● **Task goal**: Below this line is the material. Write out only its lines from the one containing "Q1. Consider probe" through the one containing "1. probe 2: x", both kept, exactly.

● **Data for processing**:
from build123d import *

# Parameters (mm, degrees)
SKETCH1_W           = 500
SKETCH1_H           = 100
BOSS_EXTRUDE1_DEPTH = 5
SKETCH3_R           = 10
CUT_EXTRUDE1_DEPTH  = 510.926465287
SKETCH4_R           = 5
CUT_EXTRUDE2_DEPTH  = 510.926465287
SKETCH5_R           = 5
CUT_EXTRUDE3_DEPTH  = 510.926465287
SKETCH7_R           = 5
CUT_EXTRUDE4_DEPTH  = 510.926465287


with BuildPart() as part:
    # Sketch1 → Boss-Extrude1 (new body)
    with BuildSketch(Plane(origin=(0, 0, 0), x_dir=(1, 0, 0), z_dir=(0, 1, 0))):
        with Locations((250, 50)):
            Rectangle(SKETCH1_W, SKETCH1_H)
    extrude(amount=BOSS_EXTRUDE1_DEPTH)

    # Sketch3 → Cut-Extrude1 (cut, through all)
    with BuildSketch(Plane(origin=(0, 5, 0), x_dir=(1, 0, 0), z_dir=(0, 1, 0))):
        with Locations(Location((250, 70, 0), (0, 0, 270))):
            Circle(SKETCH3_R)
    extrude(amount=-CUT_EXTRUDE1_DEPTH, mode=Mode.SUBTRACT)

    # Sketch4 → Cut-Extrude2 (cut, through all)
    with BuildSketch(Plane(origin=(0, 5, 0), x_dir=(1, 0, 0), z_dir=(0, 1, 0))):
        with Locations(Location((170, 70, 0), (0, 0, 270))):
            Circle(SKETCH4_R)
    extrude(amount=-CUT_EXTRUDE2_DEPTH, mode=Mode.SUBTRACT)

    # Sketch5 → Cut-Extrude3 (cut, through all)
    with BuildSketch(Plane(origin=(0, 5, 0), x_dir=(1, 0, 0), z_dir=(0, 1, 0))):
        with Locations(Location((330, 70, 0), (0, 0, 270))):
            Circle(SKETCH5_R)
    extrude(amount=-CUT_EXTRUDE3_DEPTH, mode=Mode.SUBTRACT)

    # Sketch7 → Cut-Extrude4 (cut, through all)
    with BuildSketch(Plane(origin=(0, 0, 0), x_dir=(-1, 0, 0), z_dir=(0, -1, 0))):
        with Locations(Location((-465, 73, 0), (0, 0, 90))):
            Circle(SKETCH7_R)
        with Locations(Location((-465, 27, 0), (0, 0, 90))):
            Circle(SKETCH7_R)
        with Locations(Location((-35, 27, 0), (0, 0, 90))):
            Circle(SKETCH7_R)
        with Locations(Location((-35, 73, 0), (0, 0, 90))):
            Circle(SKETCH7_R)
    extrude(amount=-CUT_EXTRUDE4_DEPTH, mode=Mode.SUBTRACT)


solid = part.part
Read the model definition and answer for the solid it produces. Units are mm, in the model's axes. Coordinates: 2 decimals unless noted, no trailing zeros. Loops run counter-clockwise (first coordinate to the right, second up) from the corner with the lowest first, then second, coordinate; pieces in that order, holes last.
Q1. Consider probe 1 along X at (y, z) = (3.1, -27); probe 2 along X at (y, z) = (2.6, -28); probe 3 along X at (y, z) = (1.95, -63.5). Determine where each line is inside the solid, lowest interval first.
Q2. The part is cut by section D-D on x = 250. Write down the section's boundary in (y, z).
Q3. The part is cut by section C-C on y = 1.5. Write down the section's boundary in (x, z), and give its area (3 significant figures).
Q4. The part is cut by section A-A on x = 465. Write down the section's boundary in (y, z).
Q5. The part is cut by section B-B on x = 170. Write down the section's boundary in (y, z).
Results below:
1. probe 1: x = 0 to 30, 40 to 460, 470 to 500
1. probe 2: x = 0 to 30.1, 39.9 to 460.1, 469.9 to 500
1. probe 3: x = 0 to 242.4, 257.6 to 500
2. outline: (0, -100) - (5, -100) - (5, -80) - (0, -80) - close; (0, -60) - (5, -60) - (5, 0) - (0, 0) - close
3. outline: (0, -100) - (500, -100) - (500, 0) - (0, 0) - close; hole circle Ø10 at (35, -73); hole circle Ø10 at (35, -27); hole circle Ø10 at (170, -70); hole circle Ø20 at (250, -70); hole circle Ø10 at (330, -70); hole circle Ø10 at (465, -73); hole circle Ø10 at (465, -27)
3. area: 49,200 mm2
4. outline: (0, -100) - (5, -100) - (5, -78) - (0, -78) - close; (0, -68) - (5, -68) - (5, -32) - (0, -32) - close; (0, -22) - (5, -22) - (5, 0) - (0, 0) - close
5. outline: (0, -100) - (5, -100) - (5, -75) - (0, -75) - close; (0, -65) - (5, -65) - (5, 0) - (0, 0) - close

● **Answer section**:
Q1. Consider probe 1 along X at (y, z) = (3.1, -27); probe 2 along X at (y, z) = (2.6, -28); probe 3 along X at (y, z) = (1.95, -63.5). Determine where each line is inside the solid, lowest interval first.
Q2. The part is cut by section D-D on x = 250. Write down the section's boundary in (y, z).
Q3. The part is cut by section C-C on y = 1.5. Write down the section's boundary in (x, z), and give its area (3 significant figures).
Q4. The part is cut by section A-A on x = 465. Write down the section's boundary in (y, z).
Q5. The part is cut by section B-B on x = 170. Write down the section's boundary in (y, z).
Results below:
1. probe 1: x = 0 to 30, 40 to 460, 470 to 500
1. probe 2: x = 0 to 30.1, 39.9 to 460.1, 469.9 to 500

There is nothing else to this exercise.